■ How to complete this task ■
Your task is to transcribe all of the data below exactly, omitting the images.

+++ Dataset entries +++

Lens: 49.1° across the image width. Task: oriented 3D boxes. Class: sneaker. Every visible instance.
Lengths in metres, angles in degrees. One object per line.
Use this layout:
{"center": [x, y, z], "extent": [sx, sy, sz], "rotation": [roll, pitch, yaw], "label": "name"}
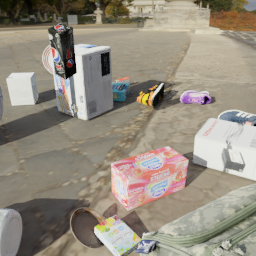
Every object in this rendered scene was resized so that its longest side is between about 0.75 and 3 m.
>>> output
{"center": [1.154, -1.756, 13.922], "extent": [1.012, 0.787, 2.250], "rotation": [12, 29, 17], "label": "sneaker"}
{"center": [4.462, -0.225, 10.729], "extent": [1.919, 0.719, 0.811], "rotation": [5, 21, 11], "label": "sneaker"}
{"center": [3.311, -1.404, 13.448], "extent": [1.569, 0.631, 0.694], "rotation": [-4, 33, -11], "label": "sneaker"}

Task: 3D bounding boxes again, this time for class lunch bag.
{"center": [1.844, 2.104, 4.446], "extent": [2.878, 2.005, 2.414], "rotation": [-15, 15, -30], "label": "lunch bag"}

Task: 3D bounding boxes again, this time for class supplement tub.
{"center": [-3.057, 2.077, 5.422], "extent": [1.703, 1.044, 1.044], "rotation": [2, 25, 2], "label": "supplement tub"}

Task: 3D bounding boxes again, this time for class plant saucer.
{"center": [-0.812, 2.130, 5.921], "extent": [0.956, 0.153, 0.956], "rotation": [28, 29, -17], "label": "plant saucer"}

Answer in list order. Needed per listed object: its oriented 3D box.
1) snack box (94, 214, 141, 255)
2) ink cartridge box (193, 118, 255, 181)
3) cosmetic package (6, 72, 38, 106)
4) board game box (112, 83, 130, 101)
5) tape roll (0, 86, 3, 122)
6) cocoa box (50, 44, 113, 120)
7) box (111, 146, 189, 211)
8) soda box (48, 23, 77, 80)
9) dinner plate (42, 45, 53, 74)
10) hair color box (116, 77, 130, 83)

+++

■ Result of this task ■
Lens: 49.1° across the image width. Task: oriented 3D boxes. Class: sneaker. Every visible instance.
Lengths in metres, angles in degrees. One object per line.
Use this layout:
{"center": [x, y, z], "extent": [sx, sy, sz], "rotation": [roll, pitch, yaw], "label": "name"}
Every object in this rendered scene was resized so that its longest side is between about 0.75 and 3 m.
>>> output
{"center": [1.154, -1.756, 13.922], "extent": [1.012, 0.787, 2.250], "rotation": [12, 29, 17], "label": "sneaker"}
{"center": [4.462, -0.225, 10.729], "extent": [1.919, 0.719, 0.811], "rotation": [5, 21, 11], "label": "sneaker"}
{"center": [3.311, -1.404, 13.448], "extent": [1.569, 0.631, 0.694], "rotation": [-4, 33, -11], "label": "sneaker"}

Task: 3D bounding boxes again, this time for class lunch bag.
{"center": [1.844, 2.104, 4.446], "extent": [2.878, 2.005, 2.414], "rotation": [-15, 15, -30], "label": "lunch bag"}

Task: 3D bounding boxes again, this time for class supplement tub.
{"center": [-3.057, 2.077, 5.422], "extent": [1.703, 1.044, 1.044], "rotation": [2, 25, 2], "label": "supplement tub"}

Task: 3D bounding boxes again, this time for class plant saucer.
{"center": [-0.812, 2.130, 5.921], "extent": [0.956, 0.153, 0.956], "rotation": [28, 29, -17], "label": "plant saucer"}

Answer in list order. Needed per listed object: its oriented 3D box.
1) snack box (94, 214, 141, 255)
2) ink cartridge box (193, 118, 255, 181)
3) cosmetic package (6, 72, 38, 106)
4) board game box (112, 83, 130, 101)
5) tape roll (0, 86, 3, 122)
6) cocoa box (50, 44, 113, 120)
7) box (111, 146, 189, 211)
8) soda box (48, 23, 77, 80)
9) dinner plate (42, 45, 53, 74)
10) hair color box (116, 77, 130, 83)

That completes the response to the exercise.